Since the ³⁰Si neutron absorption reaction rates in ingots change with control rod movement and burn-up steps, the speed of the ingot is different in each burn-up step. The speed (V) and the semiconductor production rate were estimated for each burn-up step depending on the target resistivity, and the results are shown in Table 5.

Table 5. Semiconductor production rate at each burn-up step.

Target resistivity (Ω cm)	Required number of phosphorus nuclei (Np , 1/cm^3)	Burn-up steps
		Step 1		Step 2		Step 3
		Ingot speed (cm/h)	Tons/year	Ingot speed (cm/h)	Tons/year	Ingot speed (cm/h)	Tons/year
25	2.00E + 14	4.14	69.87	3.30	55.56	3.57	60.20
50	1.00E + 14	8.29	139.75	6.59	111.11	7.14	120.40
75	6.67E + 13	12.43	209.62	9.89	166.67	10.71	180.61
100	5.00E + 13	16.58	279.49	13.18	222.22	14.28	240.81
125	4.00E + 13	20.72	349.37	16.48	277.78	17.86	301.01
150	3.33E + 13	24.87	419.24	19.77	333.33	21.43	361.21
175	2.86E + 13	29.01	489.12	23.07	388.89	25.00	421.41
200	2.50E + 13	33.16	558.99	26.36	444.44	28.57	481.62
225	2.22E + 13	37.30	628.86	29.66	500.00	32.14	541.82
250	2.00E + 13	41.45	698.74	32.96	555.55	35.71	602.02
Step 4		Step 5		Step 6		Step 7
Ingot speed (cm/h)	Tons/year	Ingot speed (cm/h)	Tons/year	Ingot speed (cm/h)	Tons/year	Ingot speed (cm/h′)	Tons/year
3.66	61.64	3.61	60.88	3.63	61.28	3.78	63.64
7.31	123.28	7.22	121.75	7.27	122.56	7.55	127.28
10.97	184.91	10.83	182.63	10.90	183.83	11.33	190.92
14.63	246.55	14.44	243.51	14.54	245.11	15.10	254.56
18.28	308.19	18.06	304.38	18.17	306.39	18.88	318.20
21.94	369.83	21.67	365.26	21.81	367.67	22.65	381.84
25.59	431.47	25.28	426.14	25.44	428.94	26.43	445.48
29.25	493.11	28.89	487.01	29.08	490.22	30.20	509.12
32.91	554.74	32.50	547.89	32.71	551.50	33.98	572.76
36.56	616.38	36.11	608.77	36.35	612.78	37.75	636.40

In case of the required 50 Ω · cm target resistivity, the speed of the ingot varies between 6.59 and 8.29 cm/h, and the production rate varies between 111.11 and 139.75 tons/year.
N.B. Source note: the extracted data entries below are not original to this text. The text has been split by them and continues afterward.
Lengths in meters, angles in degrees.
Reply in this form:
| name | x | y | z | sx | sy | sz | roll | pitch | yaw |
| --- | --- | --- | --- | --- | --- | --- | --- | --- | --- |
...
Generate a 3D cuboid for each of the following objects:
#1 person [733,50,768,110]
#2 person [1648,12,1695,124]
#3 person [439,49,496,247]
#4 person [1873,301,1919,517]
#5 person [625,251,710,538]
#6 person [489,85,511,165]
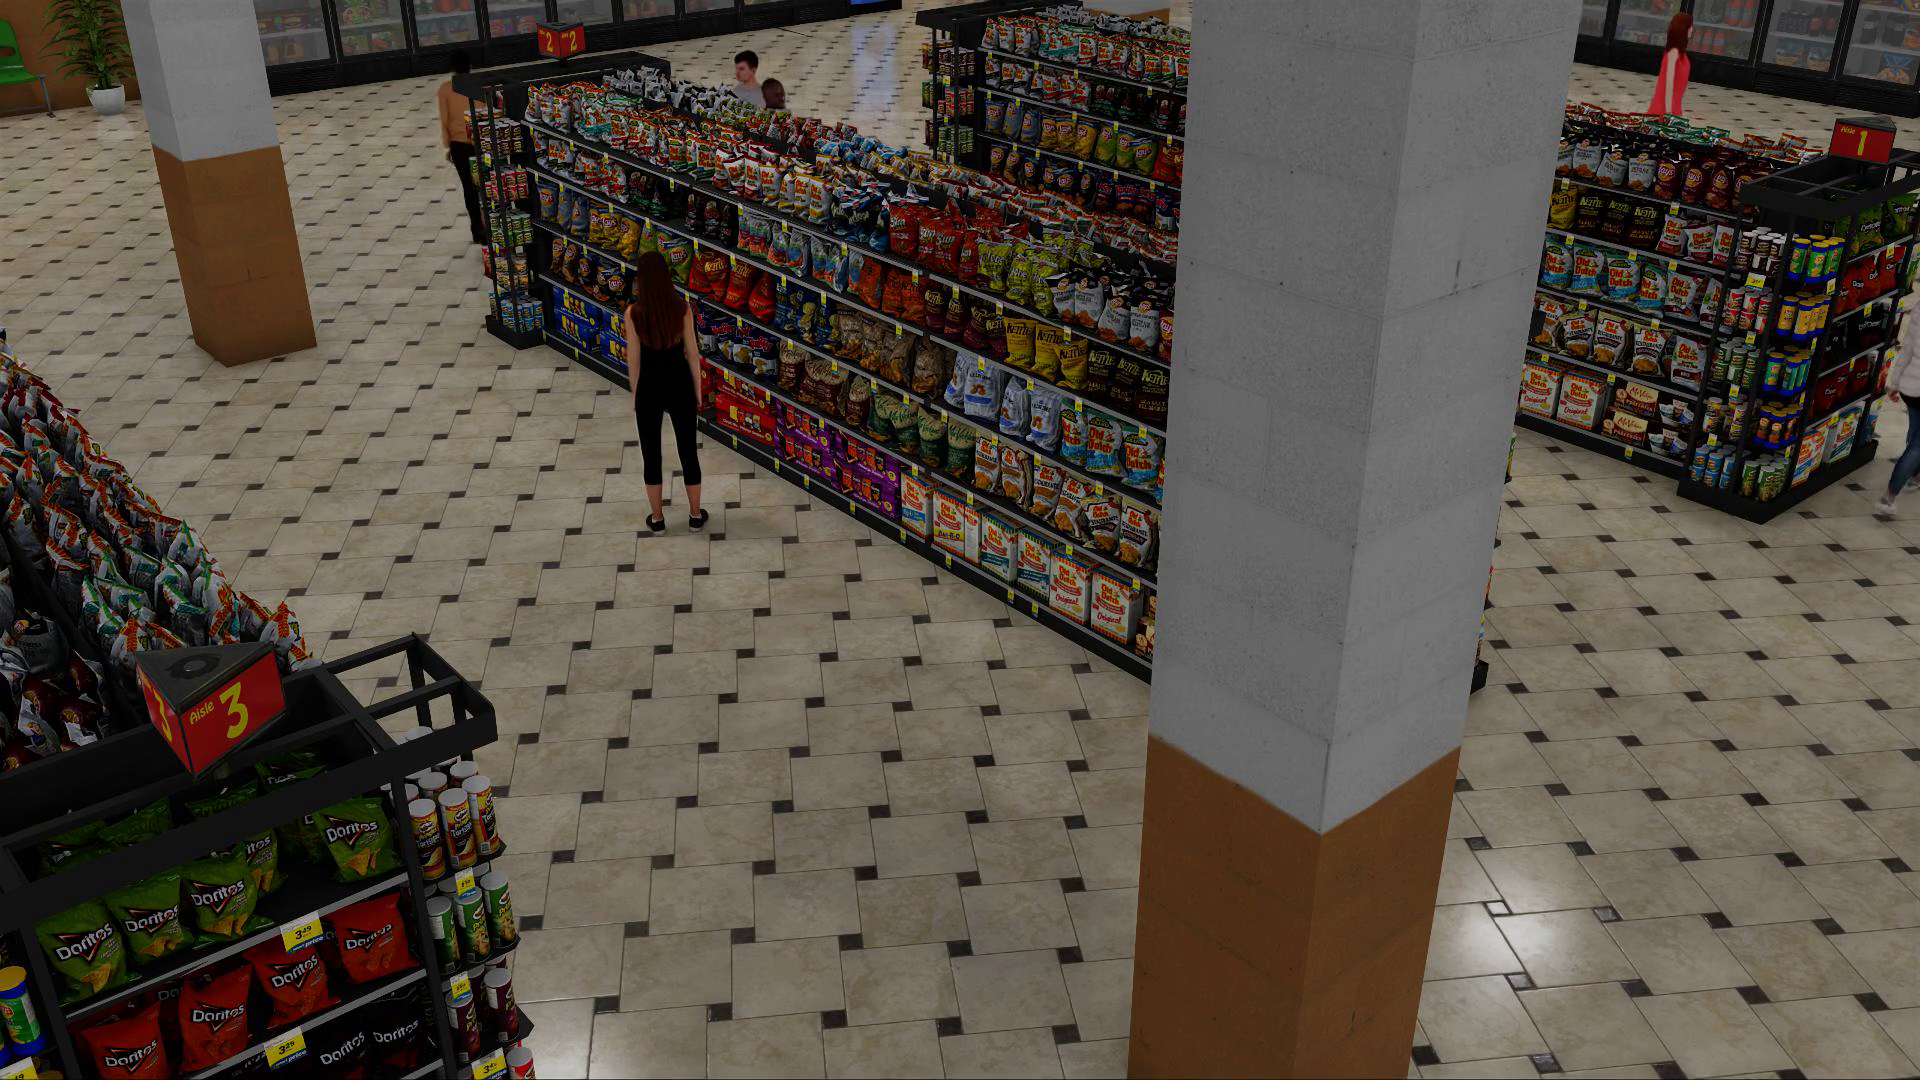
| name | x | y | z | sx | sy | sz | roll | pitch | yaw |
| --- | --- | --- | --- | --- | --- | --- | --- | --- | --- |
| person | -1.786 | -3.328 | 14.474 | 0.717 | 1.835 | 0.740 | -21 | 34 | -36 |
| person | 6.766 | -4.179 | 16.202 | 1.215 | 1.792 | 0.862 | 15 | 31 | 27 |
| person | -4.361 | -3.457 | 14.841 | 1.005 | 1.733 | 1.113 | -2 | 27 | -3 |
| person | 5.778 | -0.886 | 9.917 | 0.704 | 1.601 | 1.000 | -22 | 34 | -36 |
| person | -1.723 | -0.847 | 9.702 | 0.639 | 1.726 | 0.650 | -5 | 27 | -10 |
| person | -4.821 | -4.304 | 17.311 | 0.436 | 1.010 | 0.469 | -23 | 35 | -37 |

A reduction in the reactor semiconductor production rate was expected due to the additional neutron absorption by the control rod insertion, and there would not be much advantage for elimination of soluble boron if the reduction was too much. However, it was confirmed that almost no reduction was in the production rate. At the time step 2, the production rate was decreased below the previous work result, but the rate was increased in the further time steps. The average semiconductor production rate for the whole reactor operation period is 123.73 tons/year which is slightly higher than outcome in the previous work. The reason for this slight increase is unclear, and it depends on many parameters, such as depletion of the burnable poison, and position and movement of the control rods.

6. Conclusion

The design of a small nuclear reactor for large-diameter NTD-Si can be simplified by eliminating the soluble boron system. Instead of the soluble boron, the excess reactivity can be managed by control rods. Excess reactivity was suppressed mainly by the control rods in the four corner assemblies, but the control rods in the central assembly were needed at the beginning of the reactor operation. A higher power peaking was observed due to the control rods insertion; however, heat removal from the core was possible under 1 atm operating pressure.

Large-diameter ingots 20 cm in height could be irradiated in the reactor irradiation channel with sufficient uniformity and the estimated production rate varied between 111.11 and 139.75 tons/year for 50 Ω · cm target resistivity depending on the control rod positions.